Probability distributions continued

Histogram of probability distribution for two coin flips with x number of heads.

Courtesy of Mario Triola, Essentials of Statistics, 6th edition

  • Recall now the conditions we have for a probability distribution:
    1. We have a random variable \( x \) which takes an outcome in the sample space \( \mathbf{S} \) of a process to a numerical value in its range \( \mathbf{R} \).
    2. For each value \( x_\alpha \) that \( x \) can attain in its range \( \mathbf{R} \), the distribution assigns a probability \( P(x=x_\alpha) \).
    3. For each \( x_\alpha \) in the range, \[ 0\leq P(x=x_\alpha) \leq 1, \] and \[ \sum_{x_\alpha \in \mathbf{R}} P(x=x_\alpha) =1 \]
  • In the above table, hiring managers were asked to identify common mistakes during interviews.
  • Discuss with a neighbor: based on the criteria for a probability distribution, does the table above represent a probability distribution? Why or why not?
    • There are two major issues with the above:
      1. The variable \( x \) is categorical, not numerical.
      2. The sum of the probabilities is greater than \( 1 \).
  • Therefore, the above is not a probability distribution.

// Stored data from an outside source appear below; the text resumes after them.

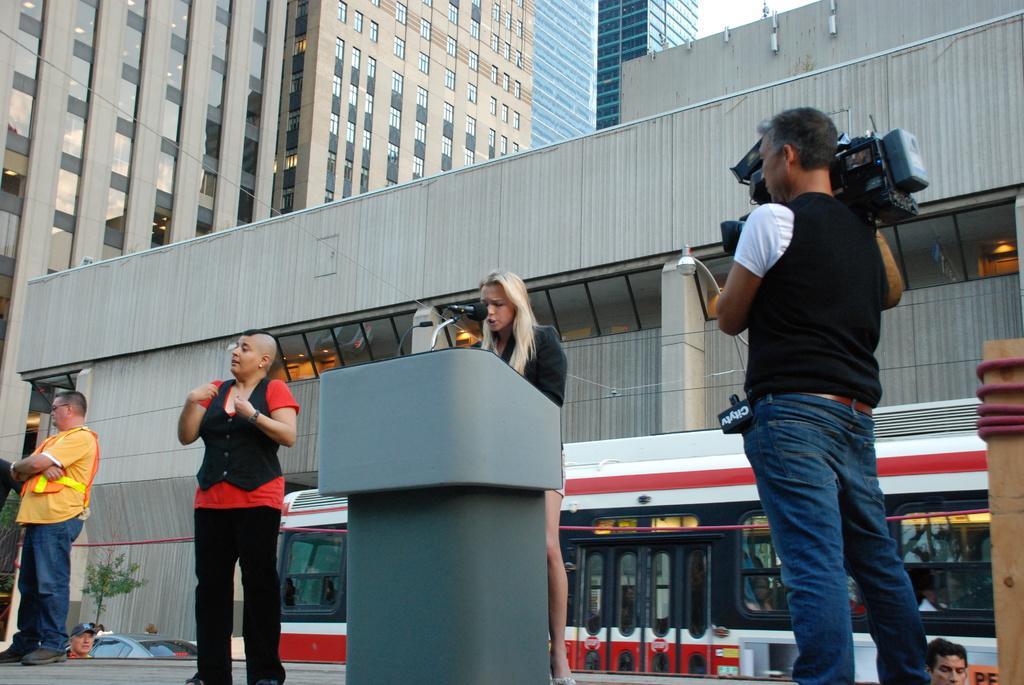In one or two sentences, can you explain what this image depicts? In this picture I can see there are few people standing a man on to left and a man on to right holding a camera and there are two women here, one of them is standing here behind the wooden table and the other is standing. In the backdrop there are few people walking, few vehicles moving and there are buildings and the sky is clear. 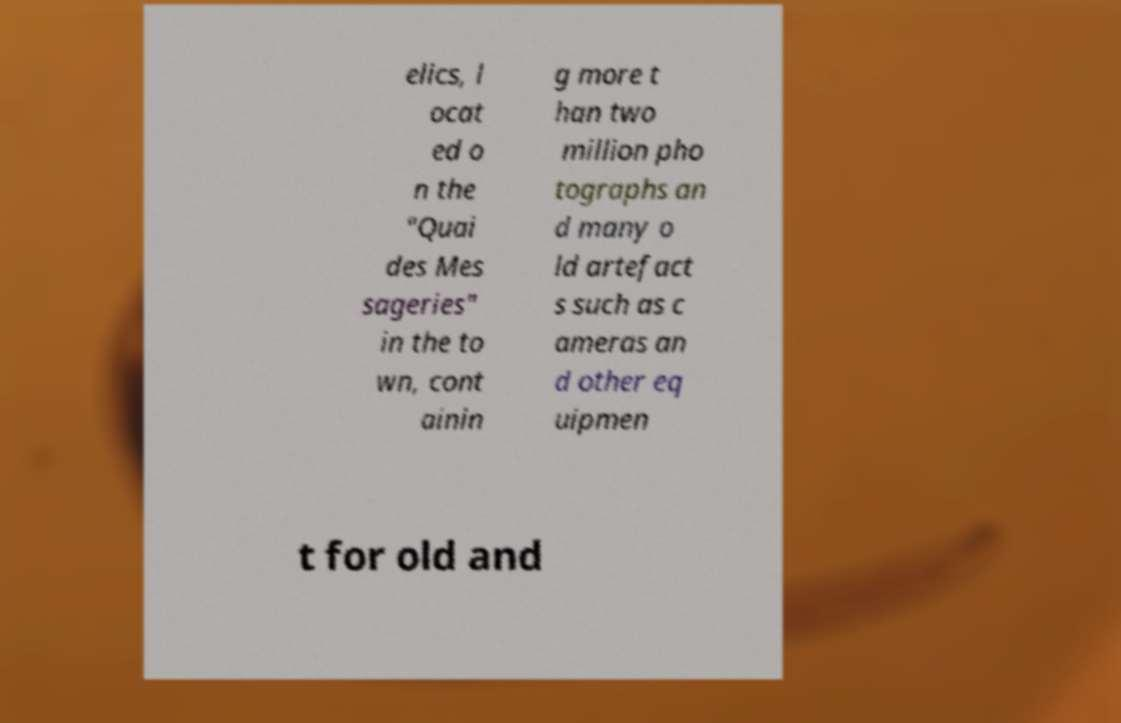What messages or text are displayed in this image? I need them in a readable, typed format. elics, l ocat ed o n the "Quai des Mes sageries" in the to wn, cont ainin g more t han two million pho tographs an d many o ld artefact s such as c ameras an d other eq uipmen t for old and 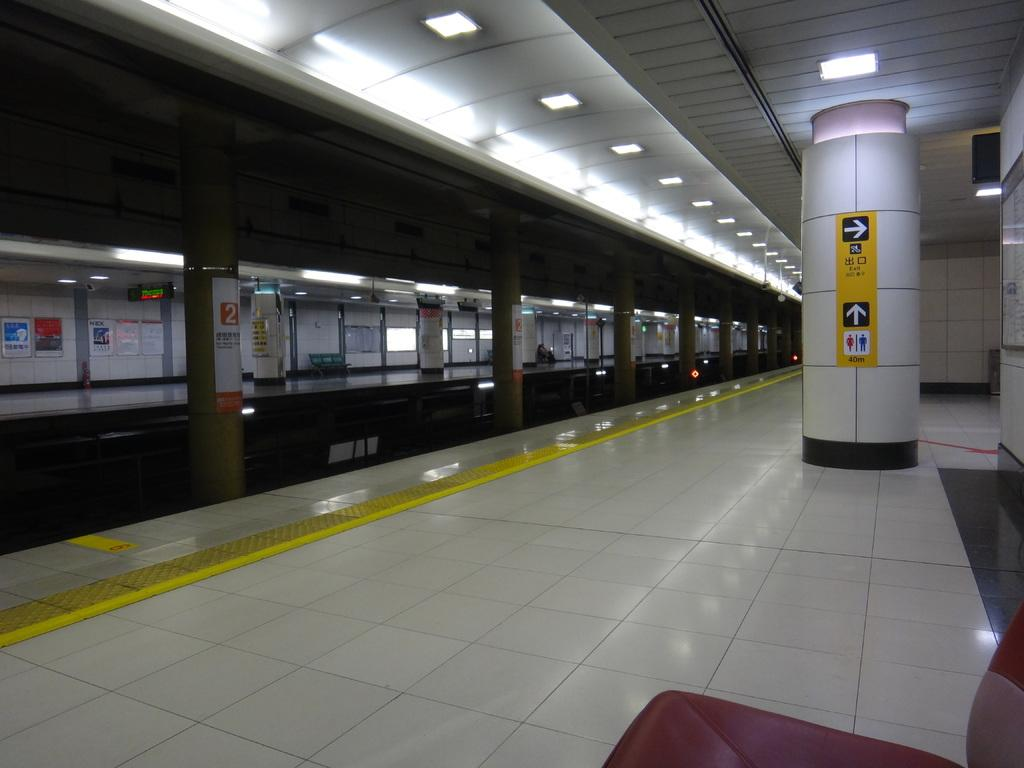What can be seen on the wall in the image? There are posters on the wall in the image. What architectural features are present in the image? There are pillars and poles in the image. What other objects can be seen in the image? There are boards and lights in the image. How much debt is represented by the posters on the wall in the image? There is no indication of debt in the image, as the posters are not related to financial matters. What color is the stomach of the person in the image? There is no person present in the image, so it is not possible to determine the color of their stomach. 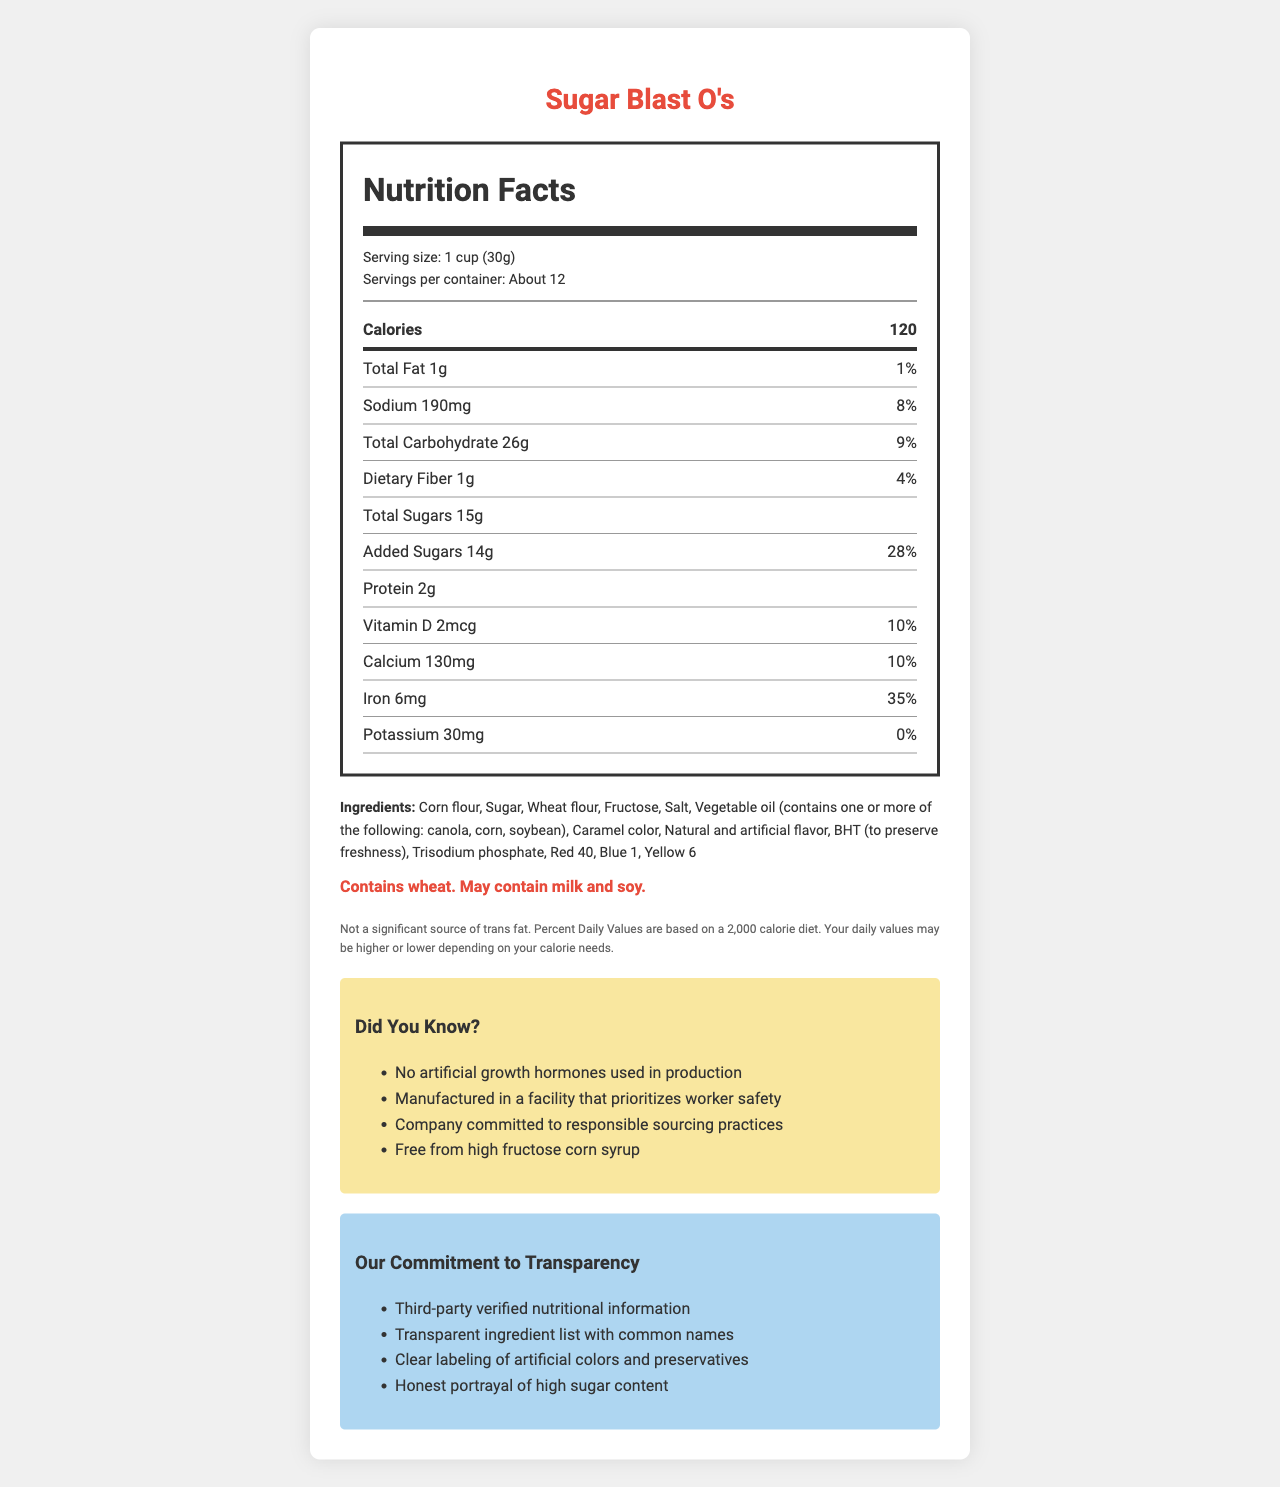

The mean of probability distributions

Probability distribution for two coin flips with x number of heads.

Courtesy of Mario Triola, Essentials of Statistics, 6th edition

  • Recall now that frequency distributions are derived from samples, and therefore the measures of the samples are statistics.
    • E.g., for a random variable \( x \), we can compute the sample mean \( \overline{x} \) from the frequency distribution.
  • On the other hand, a probability distribution represents the entire population, where the population may be abstract.
    • E.g., for the two coin flips, the probability distribution for \( x \) represents the relative frequency of outcomes over the population of all possible experiments.
    • Therefore, if we compute the mean of \( x \) for the probability distribution, we have the population parameter \( \mu \).
  • To compute the mean of the probability distribution, we follow a formula like the mean of a frequency disribution.
    • Let \( \{x_\alpha\} \) be the collection of all possible values for \( x \) in its range \( \mathbf{R} \).
      • For a table as above, this corresponds to all row values in the left-hand-side.
    • Let \( \{P(x=x_\alpha)\} \) be all the associated probabilities for \( x \) over its range of values \( \mathbf{R} \).
      • For a table as above, this corresponds to all row values in the right-hand-side.
    • Then the mean of the probability distribution is given, \[ \mu = \sum_{x_\alpha \in \mathbf{R}} x_\alpha P(x=x_\alpha) \]

The mean of probability distributions continued

  • Notice that the mean of the probability distribution \[ \mu = \sum_{x_\alpha \in \mathbf{R}} x_\alpha P(x=x_\alpha) \] is really identical to the formula for the mean of a frequency distribution.
    • Suppose there are \( N \) total possiblities for the outcome of our experiment;
    • suppose for each \( x_\alpha \) in the range there are \( f_\alpha \) total ways that \( x \) can attain the value \( x_\alpha \).
    • If we look at the formula for the mean of a frequency distribution \[ \begin{align} \frac{ \sum_{x_\alpha \in \mathbf{R}} x \times f_\alpha}{\sum_{x_\alpha \in \mathbf{R}} f_\alpha}= \frac{ \sum_{x_\alpha \in \mathbf{R}} x \times f_\alpha}{N} = \sum_{x_\alpha \in \mathbf{R}} x \times \frac{ f_\alpha}{N} = \sum_{x_\alpha \in \mathbf{R}} x_\alpha P(x=x_\alpha) = \mu \end{align} \]
  • Therefore, the formula is really the same, but the interpretation is different because we are dealing with population values.
  • Because of the difference in the interpretation, the mean of a probability distribution has a special name:
    • For a random variable \( x \) with probability distribution defined by the pairs of values \( \{x_\alpha\} \) and \( P(x=x_\alpha) \), the expected value of \( x \) is defined, \[ \mu = \sum_{x_\alpha \in \mathbf{R}} x_\alpha P(x=x_\alpha). \]
    • We call the mean of the probability distribution the expected value, because it can be thought of as the theoretical mean if we repeated an experiment infinitely many times or sampled the entire population;
    • we would expect this value on average, relative to infinitely many experiments.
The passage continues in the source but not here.